Being a ‘foodie’ person, you have no doubt been reading about the latest report by the International Agency for Research on Cancer (IARC), a subsidiary of World Health Organization (WHO). To add to the general writing and eye-brow lifting on the topic, here’s a brief overview from Selerant.
Media headlines last week brought forward a long existing debate, including a very high profile research already done (take the example of the 2012 Harvard Medical School research), only this time adding an international organization affiliation to it, thus making it sound quite credible. Also, internationally relevant.
So, is there really anything new in the recently published study and should the meat eaters together with the meat industry worldwide start worrying?
What's it all about?
In short, a panel of 22 scientists, from 10 countries, after having concluded a review of over 800 peer-reviewed scientific papers, has issued a statement saying that the consumption of red meat is probably carcinogenic to humans (Group 2A, together with agents such as acrylamide, glyphosate or UV B radiation). This is the group for which IARC states it has limited evidence in humans, but sufficient evidence in experimental animals.
The consumption of processed meat was classified as carcinogenic to humans (Group 1, together with asbestos, cadmium or X rays), based on sufficient evidence of carcinogenicity in humans. Both findings are mainly related to colorectal cancer.
Just as a reminder, processed meat is meat that has been transformed by processes like salting, curing, smoking and similar, to prolong its shelf life or enhance the taste of the product.
The report concluded that chemicals (like nitrates) added to processed meats are likely to increase the risk of cancer.
The same goes for high temperature cooking, by which we most often mean barbeque or pan-frying, which have very high probability of creating chemicals with carcinogenic effect, like polycyclic aromatic hydrocarbons and heterocyclic aromatic amines, to mention a few.

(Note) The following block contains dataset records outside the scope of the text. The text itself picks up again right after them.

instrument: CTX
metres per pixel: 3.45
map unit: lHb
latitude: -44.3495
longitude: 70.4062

The IARC experts concluded that each 50 g portion of processed meat eaten daily would increase the risk of colorectal cancer by 18%. Just to get you an idea, this quantity equals about 2 slices of bacon.

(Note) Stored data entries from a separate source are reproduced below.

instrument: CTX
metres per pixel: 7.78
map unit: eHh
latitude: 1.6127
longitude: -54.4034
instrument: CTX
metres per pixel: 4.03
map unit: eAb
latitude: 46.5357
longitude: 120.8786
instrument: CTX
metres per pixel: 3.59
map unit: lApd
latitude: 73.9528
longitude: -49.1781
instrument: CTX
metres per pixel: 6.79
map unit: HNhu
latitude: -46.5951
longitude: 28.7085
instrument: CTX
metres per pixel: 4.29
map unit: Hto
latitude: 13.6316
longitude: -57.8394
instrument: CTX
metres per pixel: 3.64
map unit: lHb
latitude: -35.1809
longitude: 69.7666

The news has echoed word wide. From daily papers and news websites, to scientific and food safety conferences that were taking place last week. What everyone is still wondering is whether this is a media thing that will pass quicker than it had been brought to the headlines, or would the IARC report be able to influence policy makers or even lead to a revolution in consumer behavior?

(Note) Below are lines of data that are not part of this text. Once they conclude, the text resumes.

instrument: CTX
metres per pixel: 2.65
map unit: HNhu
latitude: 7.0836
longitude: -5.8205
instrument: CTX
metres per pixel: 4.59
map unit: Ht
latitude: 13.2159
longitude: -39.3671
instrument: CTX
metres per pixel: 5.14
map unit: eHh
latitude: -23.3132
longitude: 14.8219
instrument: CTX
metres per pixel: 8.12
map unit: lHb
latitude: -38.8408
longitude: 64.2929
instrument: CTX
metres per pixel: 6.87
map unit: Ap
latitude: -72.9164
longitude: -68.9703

The industry did not go without a response, either. One has to bear in mind that meat-consumption has been for years now steadily increasing in low- and middle- income countries, and the possibility of such a study reversing the trend could be perceived as a realistic threat.
The Grocery Manufacturers Association (GMA), an industry association based in Washington D.C., promptly issued a statement saying that there were insufficient evidence to support the IARC findings, reminding that many factors contribute to cancer development.
The opposite scenario could be that the IARC report would only remain that talk-of the-month “I told you so” article, and not really persuade the already meat eating people into changing their habits and switching to the veggie side.
Will the dust settle before the opening of the next barbeque season in the northern hemisphere? Remains to be seen. In the meantime, moderation (in everything), is what the experts are recommending.